Data Janitor
Messy CSV in, clean data out
Messy CSV, TSV, JSON, or spreadsheet export in; cleaned, normalized data out. A strong starter recipe because the before/after result is obvious and easy to verify.
PROMPT
Clean this data file for me. Auto-detect the encoding, delimiter, and quoting style. Then: (1) standardize all dates to ISO 8601 format, (2) normalize null values ("NULL", "N/A", "None", empty strings, "nan") to a consistent representation, (3) detect and flag type inconsistencies (e.g., a column that's mostly numbers but has some text), (4) remove duplicate rows, (5) report any rows that look anomalous. Return the cleaned data and a summary of what was fixed. Optionally generate a reusable Python script so I can run this again on future files. Data file: [paste or attach your data file]
How It Works
Your Claw inspects the file, auto-detects what's wrong (encoding, delimiter,
quoting, date formats, mixed types), and generates a cleaning script or
returns the cleaned data directly. Handles the stuff that makes data
engineers cry.
What You Get
- Auto-detection of encoding (UTF-8, Latin-1, Windows-1252, etc.)

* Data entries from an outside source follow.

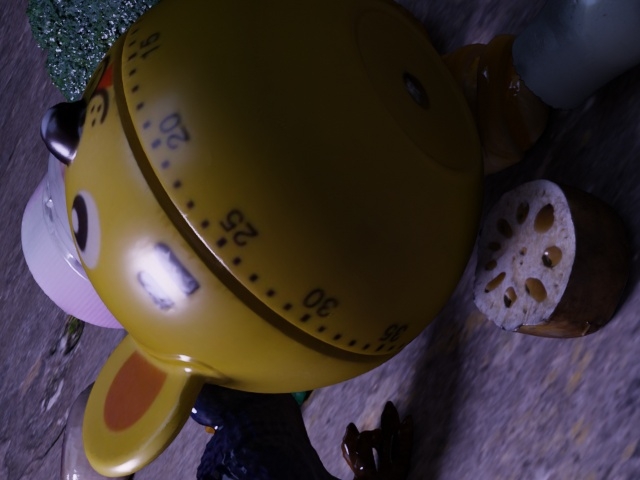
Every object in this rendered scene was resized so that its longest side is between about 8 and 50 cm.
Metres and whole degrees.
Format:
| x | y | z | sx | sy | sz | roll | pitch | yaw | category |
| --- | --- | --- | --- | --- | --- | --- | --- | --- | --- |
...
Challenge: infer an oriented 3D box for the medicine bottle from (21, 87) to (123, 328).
| x | y | z | sx | sy | sz | roll | pitch | yaw | category |
| --- | --- | --- | --- | --- | --- | --- | --- | --- | --- |
| -0.173 | -0.062 | 2.008 | 0.325 | 0.256 | 0.256 | -41 | 39 | 51 | medicine bottle |

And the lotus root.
| x | y | z | sx | sy | sz | roll | pitch | yaw | category |
| --- | --- | --- | --- | --- | --- | --- | --- | --- | --- |
| 0.180 | 0.018 | 1.406 | 0.112 | 0.081 | 0.122 | -10 | 65 | 62 | lotus root |

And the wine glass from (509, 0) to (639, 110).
| x | y | z | sx | sy | sz | roll | pitch | yaw | category |
| --- | --- | --- | --- | --- | --- | --- | --- | --- | --- |
| 0.231 | -0.183 | 1.409 | 0.202 | 0.093 | 0.093 | -45 | 37 | 48 | wine glass |

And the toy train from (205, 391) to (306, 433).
| x | y | z | sx | sy | sz | roll | pitch | yaw | category |
| --- | --- | --- | --- | --- | --- | --- | --- | --- | --- |
| -0.073 | 0.122 | 1.889 | 0.136 | 0.091 | 0.228 | 125 | 150 | -58 | toy train |

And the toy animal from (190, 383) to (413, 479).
| x | y | z | sx | sy | sz | roll | pitch | yaw | category |
| --- | --- | --- | --- | --- | --- | --- | --- | --- | --- |
| -0.018 | 0.213 | 1.592 | 0.122 | 0.185 | 0.298 | -24 | 73 | 55 | toy animal |

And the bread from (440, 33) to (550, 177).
| x | y | z | sx | sy | sz | roll | pitch | yaw | category |
| --- | --- | --- | --- | --- | --- | --- | --- | --- | --- |
| 0.128 | -0.113 | 1.602 | 0.177 | 0.084 | 0.119 | -24 | 55 | 55 | bread |

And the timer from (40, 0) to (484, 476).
| x | y | z | sx | sy | sz | roll | pitch | yaw | category |
| --- | --- | --- | --- | --- | --- | --- | --- | --- | --- |
| -0.070 | -0.025 | 1.492 | 0.387 | 0.376 | 0.376 | -35 | 41 | 26 | timer |

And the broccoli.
| x | y | z | sx | sy | sz | roll | pitch | yaw | category |
| --- | --- | --- | --- | --- | --- | --- | --- | --- | --- |
| -0.226 | -0.298 | 2.309 | 0.275 | 0.308 | 0.308 | -67 | 2 | -71 | broccoli |

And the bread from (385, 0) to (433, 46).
| x | y | z | sx | sy | sz | roll | pitch | yaw | category |
| --- | --- | --- | --- | --- | --- | --- | --- | --- | --- |
| 0.003 | -0.142 | 1.799 | 0.240 | 0.139 | 0.240 | -41 | 34 | 36 | bread |

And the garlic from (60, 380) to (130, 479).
| x | y | z | sx | sy | sz | roll | pitch | yaw | category |
| --- | --- | --- | --- | --- | --- | --- | --- | --- | --- |
| -0.277 | 0.241 | 2.261 | 0.128 | 0.090 | 0.198 | 121 | 150 | -57 | garlic |
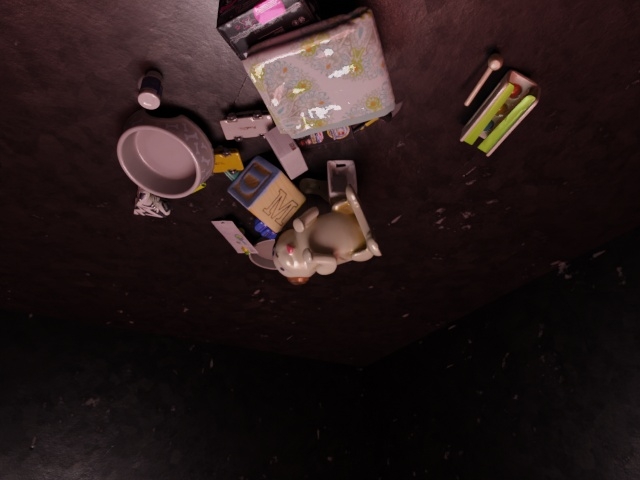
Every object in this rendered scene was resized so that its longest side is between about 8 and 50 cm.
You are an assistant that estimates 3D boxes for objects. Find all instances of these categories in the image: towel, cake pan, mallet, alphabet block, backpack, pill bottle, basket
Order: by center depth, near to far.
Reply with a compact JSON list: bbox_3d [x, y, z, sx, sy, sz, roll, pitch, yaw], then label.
[{"bbox_3d":[0.005,-0.453,1.331,0.373,0.090,0.321,-13,147,15],"label":"towel"},{"bbox_3d":[-0.536,-0.481,1.481,0.066,0.120,0.067,-2,147,-1],"label":"pill bottle"},{"bbox_3d":[0.166,-0.431,1.699,0.189,0.039,0.062,-21,144,31],"label":"mallet"},{"bbox_3d":[-0.210,-0.183,1.842,0.193,0.192,0.197,-48,137,-1],"label":"alphabet block"},{"bbox_3d":[0.083,-0.229,1.880,0.113,0.168,0.103,-1,151,-4],"label":"basket"},{"bbox_3d":[-0.242,-0.068,2.154,0.120,0.101,0.098,27,130,-32],"label":"backpack"},{"bbox_3d":[-0.219,0.055,2.383,0.292,0.054,0.293,-2,147,-2],"label":"cake pan"}]

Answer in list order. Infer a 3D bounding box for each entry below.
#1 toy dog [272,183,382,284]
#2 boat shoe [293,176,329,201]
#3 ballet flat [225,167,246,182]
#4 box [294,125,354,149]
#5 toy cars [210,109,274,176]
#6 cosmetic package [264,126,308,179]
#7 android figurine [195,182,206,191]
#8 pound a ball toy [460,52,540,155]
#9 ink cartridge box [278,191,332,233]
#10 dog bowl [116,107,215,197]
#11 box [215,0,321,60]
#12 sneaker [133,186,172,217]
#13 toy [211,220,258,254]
[{"bbox_3d":[0.000,0.000,1.821,0.407,0.285,0.395,-23,177,7],"label":"toy dog"},{"bbox_3d":[-0.007,-0.219,1.985,0.232,0.084,0.079,14,-178,-35],"label":"boat shoe"},{"bbox_3d":[-0.307,-0.248,1.910,0.087,0.083,0.247,-35,141,4],"label":"ballet flat"},{"bbox_3d":[-0.013,-0.448,1.630,0.216,0.060,0.270,-9,146,10],"label":"box"},{"bbox_3d":[-0.317,-0.366,1.711,0.176,0.087,0.393,32,130,-25],"label":"toy cars"},{"bbox_3d":[-0.120,-0.317,1.686,0.085,0.118,0.231,-32,167,2],"label":"cosmetic package"},{"bbox_3d":[-0.584,-0.263,1.867,0.272,0.056,0.248,-23,142,27],"label":"android figurine"},{"bbox_3d":[0.594,-0.477,1.606,0.208,0.136,0.319,29,142,-1],"label":"pound a ball toy"},{"bbox_3d":[-0.032,-0.089,2.040,0.288,0.211,0.122,12,145,-19],"label":"ink cartridge box"},{"bbox_3d":[-0.565,-0.301,1.683,0.348,0.102,0.349,6,133,7],"label":"dog bowl"},{"bbox_3d":[-0.138,-0.619,1.288,0.247,0.142,0.163,-17,145,22],"label":"box"},{"bbox_3d":[-0.697,-0.161,1.966,0.152,0.094,0.235,6,156,-25],"label":"sneaker"},{"bbox_3d":[-0.398,-0.028,2.225,0.136,0.056,0.237,0,138,33],"label":"toy"}]
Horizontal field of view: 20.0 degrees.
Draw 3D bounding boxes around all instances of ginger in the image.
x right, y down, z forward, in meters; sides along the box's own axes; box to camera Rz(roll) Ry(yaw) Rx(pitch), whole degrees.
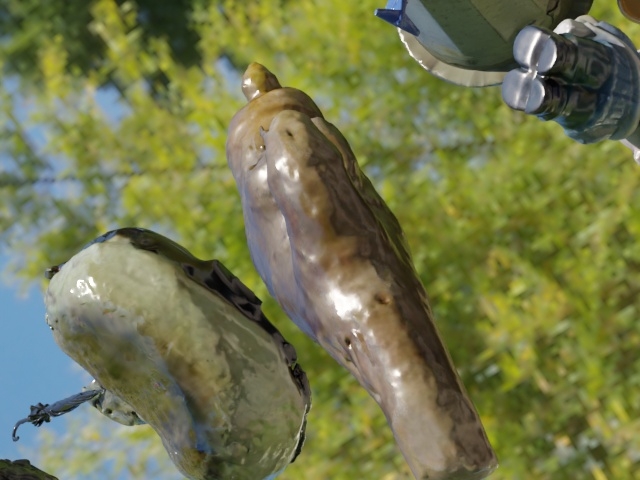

- Delimiter inference (comma, semicolon, tab, pipe)
- Date format standardization to ISO 8601
- Type coercion: "NULL", "N/A", "None", "" all normalized
- Schema validation and anomaly detection
- Cleaned output in your preferred format (CSV, JSON, Parquet)
Setup Steps
- Share your messy data file
- Optionally describe what the data should look like
- Get cleaned data and/or a reusable cleaning script
Tips
- Works with CSV, TSV, JSON, JSONL, and Excel files
- Ask for a Python/pandas script if you want a reusable pipeline
- Handles Excel-mangled data (dates that became numbers, leading zeros stripped)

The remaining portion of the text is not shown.